For windows you are required to sign them afterwards, some quick google search for MSI-installers, which has to be called outside of the javafx-gradle-plugin. Maybe it is possible as part of the WiX- or InnoSetup-buildfiles, I don't know that.

I hope I could help you finding the right thing.

chris-scorpio commented 7 years ago

Thanks for info, the bundle arguments helped me out alot along with reading up loads on certificates etc.

FibreFoX commented 7 years ago

Does that mean this issue can be closed?

chris-scorpio commented 7 years ago

Yes it can be closed, but one last question - where did you see the parameter for signBundle as couldn't see it in the javapackager arguments section?

FibreFoX commented 7 years ago

The javapackager is the tool from the JDK, which accesses the internal libs, but the javafx-gradle-plugin accesses that API directly, like the javapackger does, which means that all CLI-parameters are not mapped one-to-one.

For finding all arguments, I have to look at the sourcecode of the bundlers. Some arguments are normal parameters, mosty ones which are often-used ones, and the others have to be provided via that special bundleArguments-property. There are 4 types of special bundlers, and one "PackagerLib" (which is responsible for creating that jfx-jar). You can look at the sourcecode where each type of bundler, sometimes it is hard to find them, because of inheritance.

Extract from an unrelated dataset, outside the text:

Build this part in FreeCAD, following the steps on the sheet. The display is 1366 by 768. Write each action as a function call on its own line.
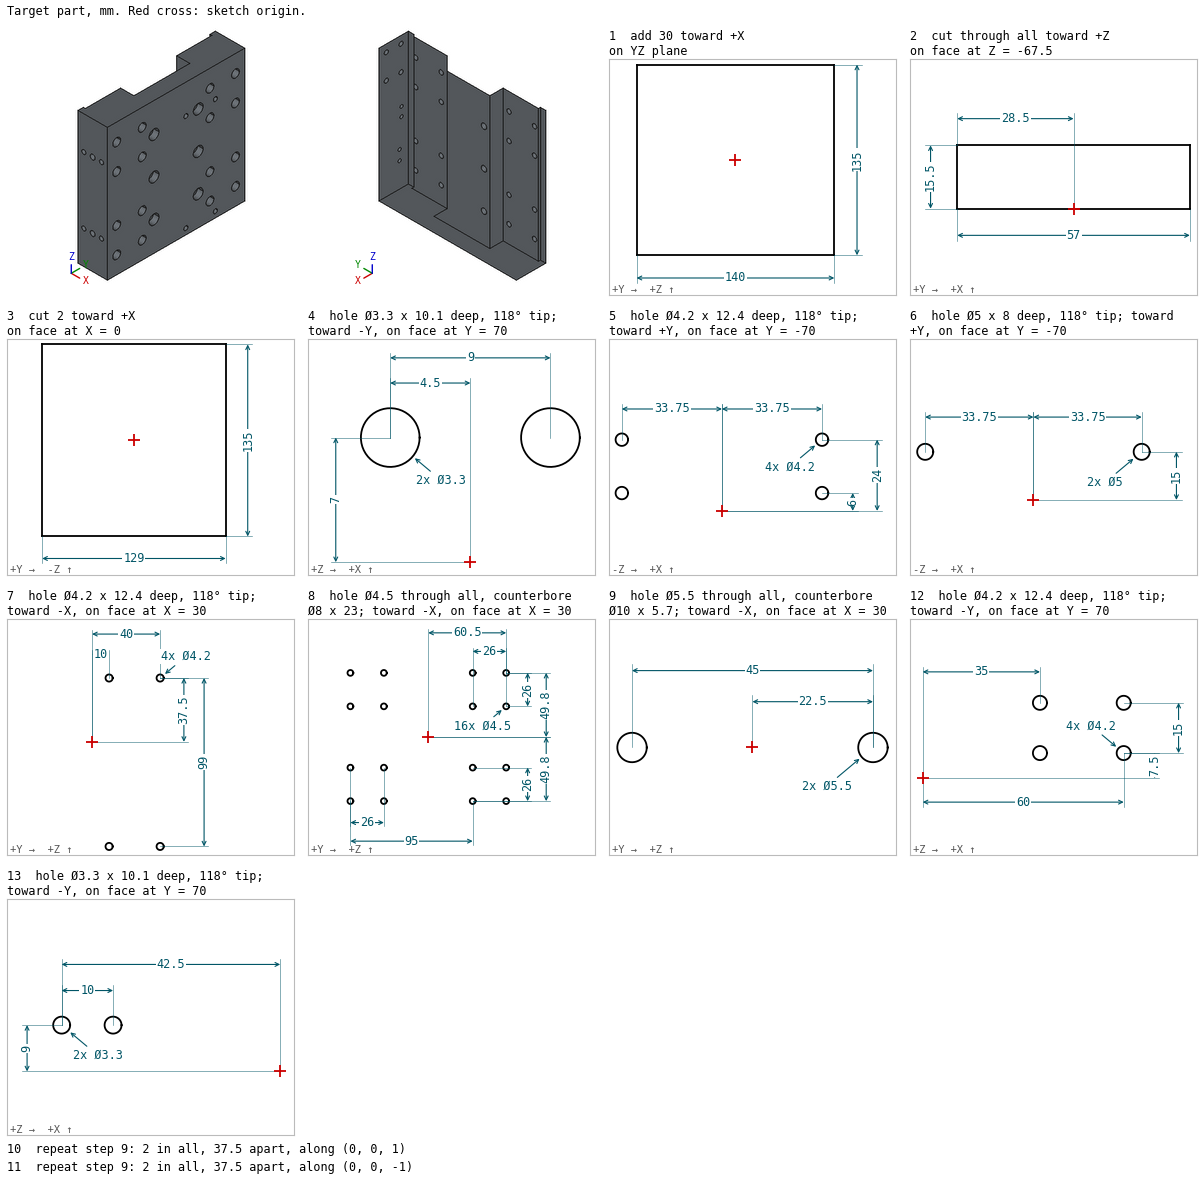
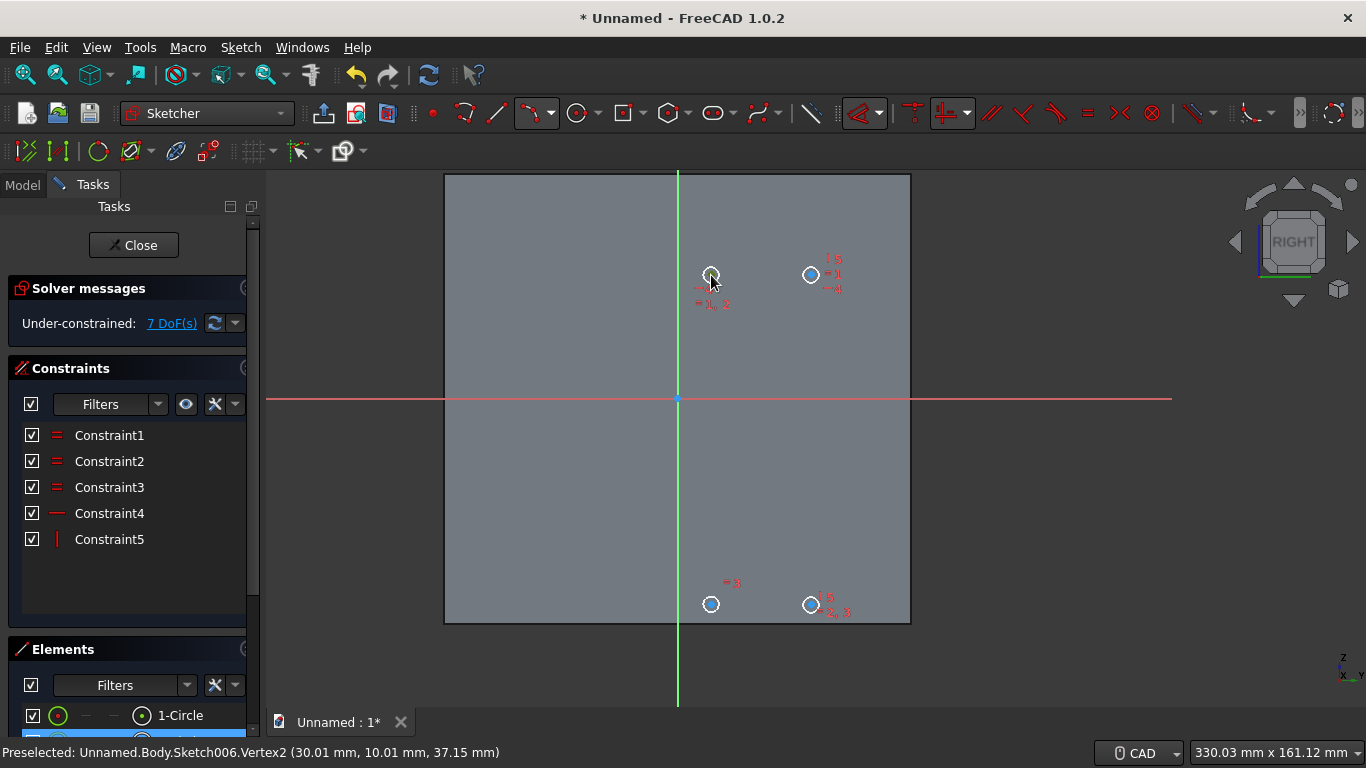
click(711, 604)

bwRavencl commented 6 years ago

@FibreFoX first of all excuse me for summoning this already closed issue, but I have a question regarding your following statement, and maybe you can help me out here.

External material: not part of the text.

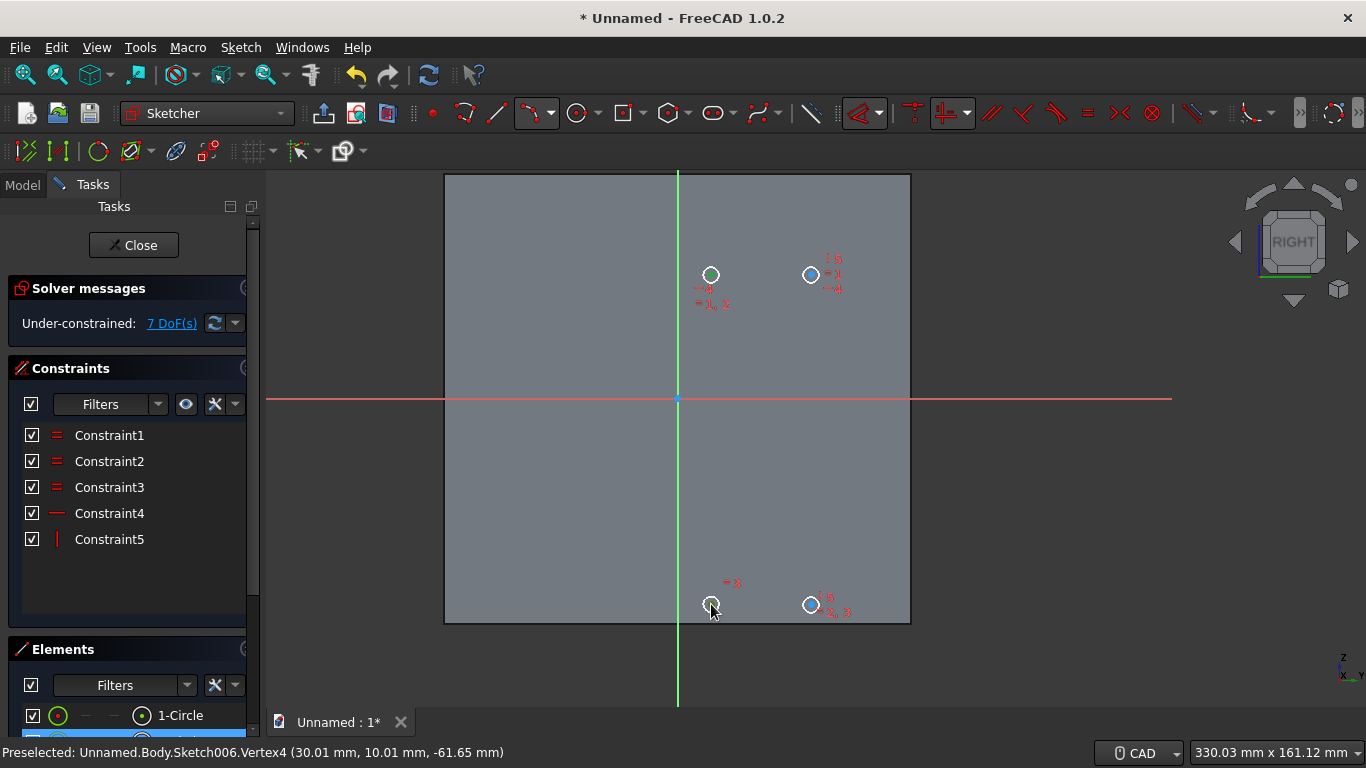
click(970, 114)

What is the idea of having SIGNED JARs when having native launchers? As far as I can tell, there is no benefit, as the native launcher loads the (bundled or locally installed) JRE via native library loading and runs your JAR-files normally. No technical benefit

I'm currently in the process of getting familiar with deploying Java apps as self contained applications, i.e. shipping a client application as an MSI with a self contained JVM. How can I assure that nobody is tampering with the jar files that are shipped with the native launcher? Shouldn't there be a way for the native launcher to verify a potential signature of the jars included in the application? I just did a quick test and replaced the jar file of my app with a modified one, containing some extra (potentially malicious) piece of code and the launcher ran it without complaining. Is there really no standard way to prevent this by signing the jars or "bind" the executable in any way to the jars it has been delivered with?